* PROBLEM DESCRIPTION: Repeat the following entries exactly, excluding pictures.

* DATA RECORDS:
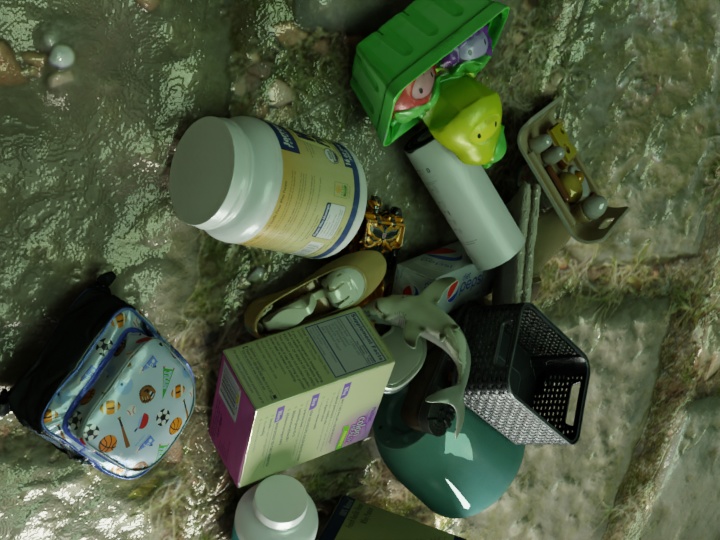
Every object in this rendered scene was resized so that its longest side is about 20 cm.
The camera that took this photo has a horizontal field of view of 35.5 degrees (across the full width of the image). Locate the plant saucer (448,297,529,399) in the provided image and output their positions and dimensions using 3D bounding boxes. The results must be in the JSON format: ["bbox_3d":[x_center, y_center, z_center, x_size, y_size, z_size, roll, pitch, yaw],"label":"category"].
[{"bbox_3d":[0.194,0.117,1.653,0.029,0.201,0.199,-35,146,31],"label":"plant saucer"}]

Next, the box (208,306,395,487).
[{"bbox_3d":[-0.078,0.160,1.430,0.199,0.097,0.177,-17,145,-27],"label":"box"}]

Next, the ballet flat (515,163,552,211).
[{"bbox_3d":[0.314,-0.108,1.726,0.199,0.064,0.076,28,92,-45],"label":"ballet flat"}]

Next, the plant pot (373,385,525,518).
[{"bbox_3d":[0.114,0.234,1.631,0.161,0.200,0.201,39,83,-38],"label":"plant pot"}]

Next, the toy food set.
[{"bbox_3d":[0.312,-0.147,1.618,0.201,0.060,0.143,59,36,-5],"label":"toy food set"}]

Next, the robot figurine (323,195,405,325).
[{"bbox_3d":[0.000,0.000,1.502,0.144,0.058,0.202,3,109,-44],"label":"robot figurine"}]

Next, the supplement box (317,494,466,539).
[{"bbox_3d":[0.029,0.446,1.597,0.200,0.198,0.135,-43,150,-75],"label":"supplement box"}]

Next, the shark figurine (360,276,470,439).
[{"bbox_3d":[0.105,0.100,1.446,0.128,0.215,0.090,-31,143,-8],"label":"shark figurine"}]

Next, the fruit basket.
[{"bbox_3d":[0.111,-0.225,1.389,0.215,0.216,0.156,-40,167,-19],"label":"fruit basket"}]

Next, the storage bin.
[{"bbox_3d":[0.222,0.144,1.535,0.200,0.093,0.136,40,55,-41],"label":"storage bin"}]

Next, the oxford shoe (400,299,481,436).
[{"bbox_3d":[0.108,0.125,1.543,0.073,0.084,0.201,46,63,-37],"label":"oxford shoe"}]

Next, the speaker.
[{"bbox_3d":[0.141,-0.100,1.512,0.081,0.081,0.201,-40,108,-19],"label":"speaker"}]

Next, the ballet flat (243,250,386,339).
[{"bbox_3d":[-0.052,0.038,1.423,0.199,0.063,0.069,-27,107,-2],"label":"ballet flat"}]

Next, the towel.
[{"bbox_3d":[0.220,-0.019,1.614,0.034,0.133,0.202,9,74,-4],"label":"towel"}]

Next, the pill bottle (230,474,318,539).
[{"bbox_3d":[-0.116,0.353,1.494,0.110,0.111,0.201,-26,149,-30],"label":"pill bottle"}]

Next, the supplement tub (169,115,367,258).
[{"bbox_3d":[-0.106,-0.096,1.299,0.199,0.144,0.146,11,104,-44],"label":"supplement tub"}]

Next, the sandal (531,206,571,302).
[{"bbox_3d":[0.260,-0.041,1.718,0.077,0.070,0.213,2,133,-19],"label":"sandal"}]

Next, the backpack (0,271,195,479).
[{"bbox_3d":[-0.274,0.139,1.272,0.201,0.153,0.191,-52,145,-13],"label":"backpack"}]

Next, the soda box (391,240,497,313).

* EXERCISE ANSWER:
Every object in this rendered scene was resized so that its longest side is about 20 cm.
The camera that took this photo has a horizontal field of view of 35.5 degrees (across the full width of the image). Locate the plant saucer (448,297,529,399) in the provided image and output their positions and dimensions using 3D bounding boxes. The results must be in the JSON format: ["bbox_3d":[x_center, y_center, z_center, x_size, y_size, z_size, roll, pitch, yaw],"label":"category"].
[{"bbox_3d":[0.194,0.117,1.653,0.029,0.201,0.199,-35,146,31],"label":"plant saucer"}]

Next, the box (208,306,395,487).
[{"bbox_3d":[-0.078,0.160,1.430,0.199,0.097,0.177,-17,145,-27],"label":"box"}]

Next, the ballet flat (515,163,552,211).
[{"bbox_3d":[0.314,-0.108,1.726,0.199,0.064,0.076,28,92,-45],"label":"ballet flat"}]

Next, the plant pot (373,385,525,518).
[{"bbox_3d":[0.114,0.234,1.631,0.161,0.200,0.201,39,83,-38],"label":"plant pot"}]

Next, the toy food set.
[{"bbox_3d":[0.312,-0.147,1.618,0.201,0.060,0.143,59,36,-5],"label":"toy food set"}]

Next, the robot figurine (323,195,405,325).
[{"bbox_3d":[0.000,0.000,1.502,0.144,0.058,0.202,3,109,-44],"label":"robot figurine"}]

Next, the supplement box (317,494,466,539).
[{"bbox_3d":[0.029,0.446,1.597,0.200,0.198,0.135,-43,150,-75],"label":"supplement box"}]

Next, the shark figurine (360,276,470,439).
[{"bbox_3d":[0.105,0.100,1.446,0.128,0.215,0.090,-31,143,-8],"label":"shark figurine"}]

Next, the fruit basket.
[{"bbox_3d":[0.111,-0.225,1.389,0.215,0.216,0.156,-40,167,-19],"label":"fruit basket"}]

Next, the storage bin.
[{"bbox_3d":[0.222,0.144,1.535,0.200,0.093,0.136,40,55,-41],"label":"storage bin"}]

Next, the oxford shoe (400,299,481,436).
[{"bbox_3d":[0.108,0.125,1.543,0.073,0.084,0.201,46,63,-37],"label":"oxford shoe"}]

Next, the speaker.
[{"bbox_3d":[0.141,-0.100,1.512,0.081,0.081,0.201,-40,108,-19],"label":"speaker"}]

Next, the ballet flat (243,250,386,339).
[{"bbox_3d":[-0.052,0.038,1.423,0.199,0.063,0.069,-27,107,-2],"label":"ballet flat"}]

Next, the towel.
[{"bbox_3d":[0.220,-0.019,1.614,0.034,0.133,0.202,9,74,-4],"label":"towel"}]

Next, the pill bottle (230,474,318,539).
[{"bbox_3d":[-0.116,0.353,1.494,0.110,0.111,0.201,-26,149,-30],"label":"pill bottle"}]

Next, the supplement tub (169,115,367,258).
[{"bbox_3d":[-0.106,-0.096,1.299,0.199,0.144,0.146,11,104,-44],"label":"supplement tub"}]

Next, the sandal (531,206,571,302).
[{"bbox_3d":[0.260,-0.041,1.718,0.077,0.070,0.213,2,133,-19],"label":"sandal"}]

Next, the backpack (0,271,195,479).
[{"bbox_3d":[-0.274,0.139,1.272,0.201,0.153,0.191,-52,145,-13],"label":"backpack"}]

Next, the soda box (391,240,497,313).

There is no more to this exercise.